Data records below:

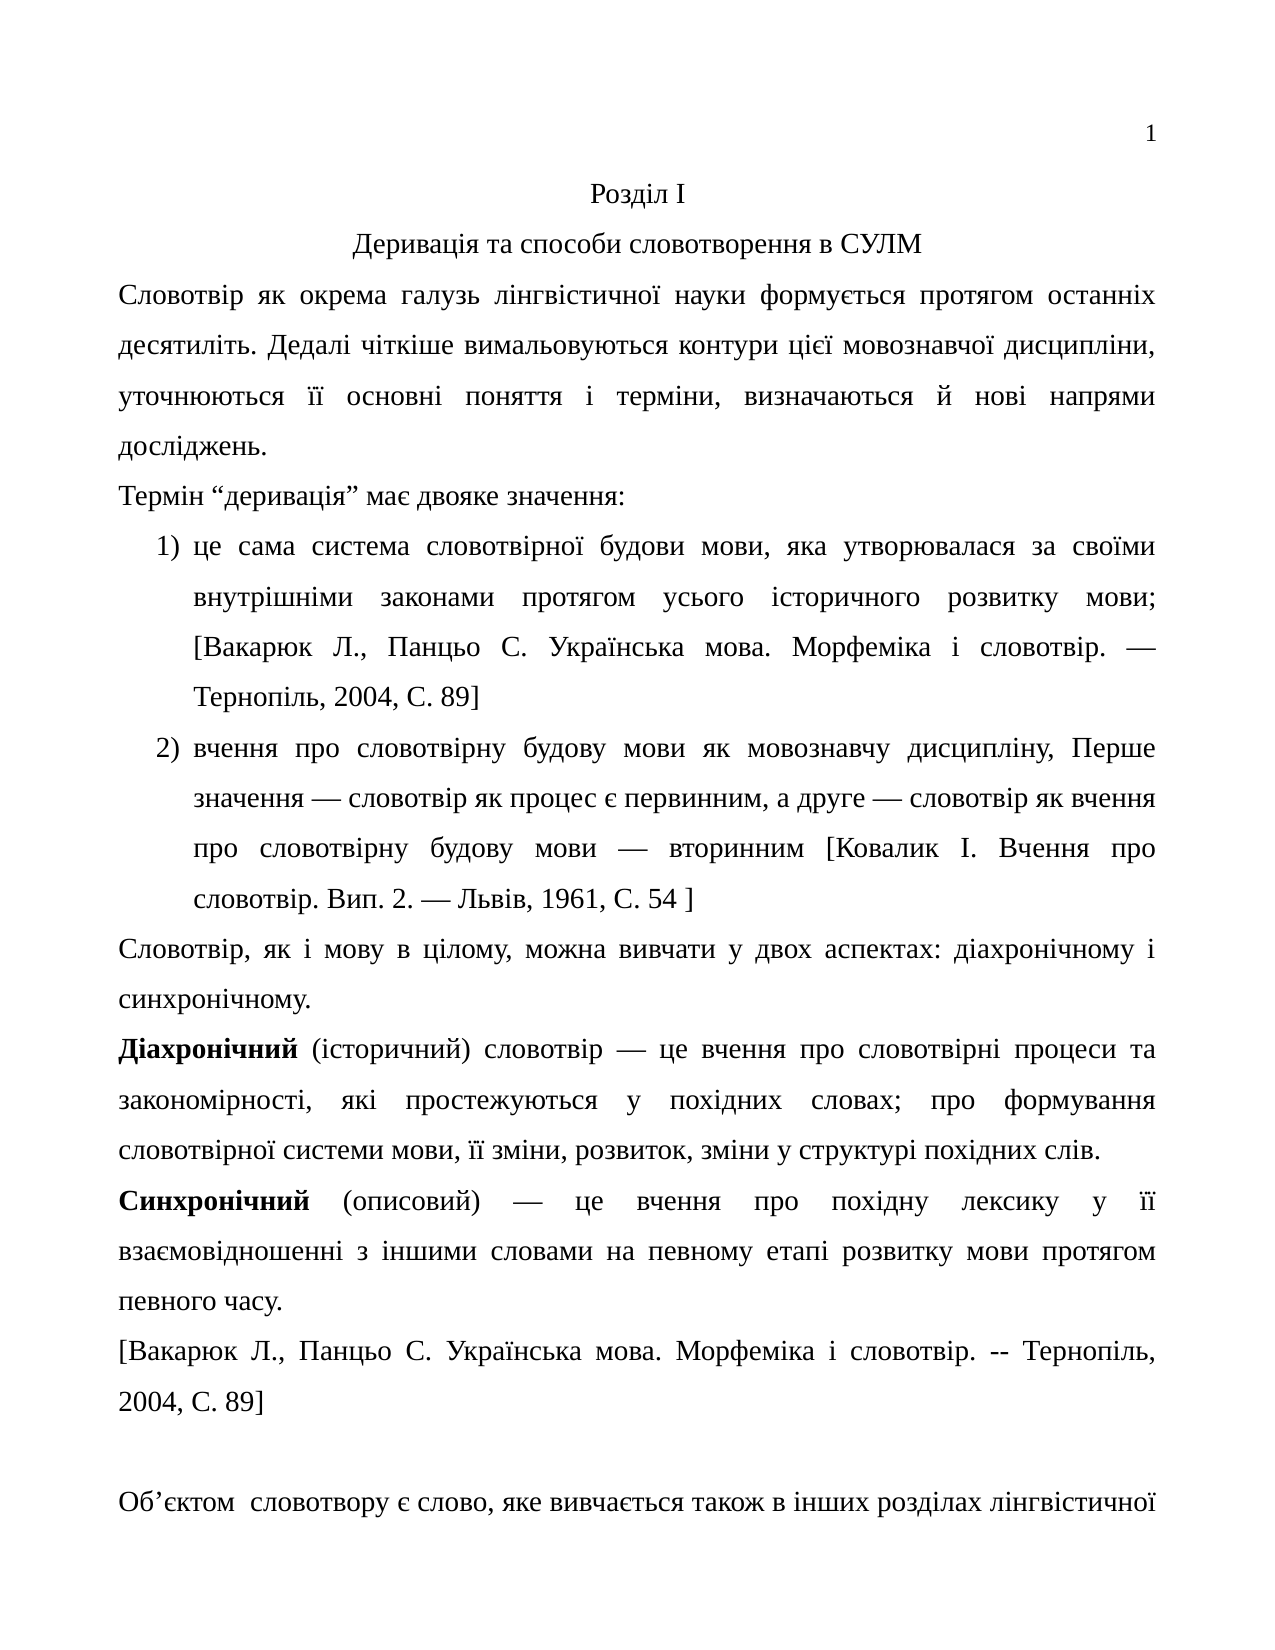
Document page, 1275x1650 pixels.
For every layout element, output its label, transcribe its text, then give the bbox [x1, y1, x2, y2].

End of Data records.
Data records below:

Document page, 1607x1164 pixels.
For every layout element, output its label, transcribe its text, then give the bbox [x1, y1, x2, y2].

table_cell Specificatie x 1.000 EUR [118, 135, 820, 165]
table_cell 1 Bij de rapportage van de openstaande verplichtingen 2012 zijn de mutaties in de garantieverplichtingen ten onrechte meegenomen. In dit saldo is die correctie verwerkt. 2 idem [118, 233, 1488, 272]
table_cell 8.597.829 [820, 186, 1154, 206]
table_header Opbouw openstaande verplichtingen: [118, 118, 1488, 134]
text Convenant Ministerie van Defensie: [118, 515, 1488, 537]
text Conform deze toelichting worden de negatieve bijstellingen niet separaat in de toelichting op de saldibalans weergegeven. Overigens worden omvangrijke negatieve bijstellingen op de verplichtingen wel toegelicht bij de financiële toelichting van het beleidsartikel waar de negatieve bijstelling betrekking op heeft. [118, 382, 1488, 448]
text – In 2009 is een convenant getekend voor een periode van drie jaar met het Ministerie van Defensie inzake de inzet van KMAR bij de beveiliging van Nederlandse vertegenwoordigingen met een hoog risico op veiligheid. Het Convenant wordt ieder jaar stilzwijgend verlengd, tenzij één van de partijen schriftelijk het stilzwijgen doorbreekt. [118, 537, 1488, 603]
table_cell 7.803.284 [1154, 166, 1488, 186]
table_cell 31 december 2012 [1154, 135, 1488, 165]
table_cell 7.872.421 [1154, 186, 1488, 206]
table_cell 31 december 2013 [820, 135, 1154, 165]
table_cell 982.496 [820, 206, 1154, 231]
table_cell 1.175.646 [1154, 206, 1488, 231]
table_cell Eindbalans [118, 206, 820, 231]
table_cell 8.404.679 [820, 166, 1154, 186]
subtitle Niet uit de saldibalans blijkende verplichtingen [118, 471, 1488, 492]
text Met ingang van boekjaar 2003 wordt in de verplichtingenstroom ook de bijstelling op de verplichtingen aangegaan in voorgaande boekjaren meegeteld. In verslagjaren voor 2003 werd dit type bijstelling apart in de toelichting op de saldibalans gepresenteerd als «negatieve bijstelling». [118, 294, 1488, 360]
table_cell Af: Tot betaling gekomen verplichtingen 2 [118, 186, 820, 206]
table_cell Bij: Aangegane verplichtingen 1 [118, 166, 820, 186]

End of Data records.
Data records below:

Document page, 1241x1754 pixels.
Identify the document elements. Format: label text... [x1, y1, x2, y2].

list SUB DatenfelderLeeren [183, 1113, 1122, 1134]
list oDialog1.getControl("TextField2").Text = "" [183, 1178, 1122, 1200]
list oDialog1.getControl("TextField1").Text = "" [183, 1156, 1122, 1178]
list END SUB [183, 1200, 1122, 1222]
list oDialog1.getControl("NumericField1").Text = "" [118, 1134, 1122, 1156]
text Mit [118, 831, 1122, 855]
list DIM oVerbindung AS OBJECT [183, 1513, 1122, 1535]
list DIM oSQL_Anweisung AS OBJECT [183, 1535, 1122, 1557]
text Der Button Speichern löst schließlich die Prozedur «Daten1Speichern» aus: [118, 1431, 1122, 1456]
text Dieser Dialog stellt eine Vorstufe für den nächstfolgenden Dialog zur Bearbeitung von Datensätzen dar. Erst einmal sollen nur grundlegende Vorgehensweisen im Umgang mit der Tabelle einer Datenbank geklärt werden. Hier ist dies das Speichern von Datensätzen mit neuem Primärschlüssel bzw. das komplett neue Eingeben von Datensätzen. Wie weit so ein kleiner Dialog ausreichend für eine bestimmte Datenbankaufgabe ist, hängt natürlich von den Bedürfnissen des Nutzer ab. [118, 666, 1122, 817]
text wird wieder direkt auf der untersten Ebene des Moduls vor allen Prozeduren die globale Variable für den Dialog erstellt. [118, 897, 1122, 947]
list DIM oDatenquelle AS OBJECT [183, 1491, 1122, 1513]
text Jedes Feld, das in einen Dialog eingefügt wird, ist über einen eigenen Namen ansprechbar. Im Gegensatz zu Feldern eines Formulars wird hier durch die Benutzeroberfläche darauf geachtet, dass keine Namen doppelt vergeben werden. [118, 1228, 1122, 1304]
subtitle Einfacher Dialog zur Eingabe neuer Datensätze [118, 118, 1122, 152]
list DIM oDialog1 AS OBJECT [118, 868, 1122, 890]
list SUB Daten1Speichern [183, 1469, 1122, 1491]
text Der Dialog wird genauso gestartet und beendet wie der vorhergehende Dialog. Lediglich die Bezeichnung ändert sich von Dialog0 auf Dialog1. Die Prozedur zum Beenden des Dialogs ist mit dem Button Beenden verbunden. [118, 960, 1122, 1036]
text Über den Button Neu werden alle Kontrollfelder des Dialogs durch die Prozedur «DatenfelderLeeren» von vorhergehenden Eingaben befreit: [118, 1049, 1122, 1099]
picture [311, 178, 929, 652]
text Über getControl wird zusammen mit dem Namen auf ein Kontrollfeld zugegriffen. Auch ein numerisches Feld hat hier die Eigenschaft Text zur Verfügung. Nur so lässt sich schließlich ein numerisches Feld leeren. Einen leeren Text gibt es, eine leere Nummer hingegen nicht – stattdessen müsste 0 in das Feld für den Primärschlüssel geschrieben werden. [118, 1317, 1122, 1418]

End of Data records.

_Exercise:_ Looking at the records above, how many lines include "page"? Please give the number and nothing more.

_Answer to the exercise:_ 3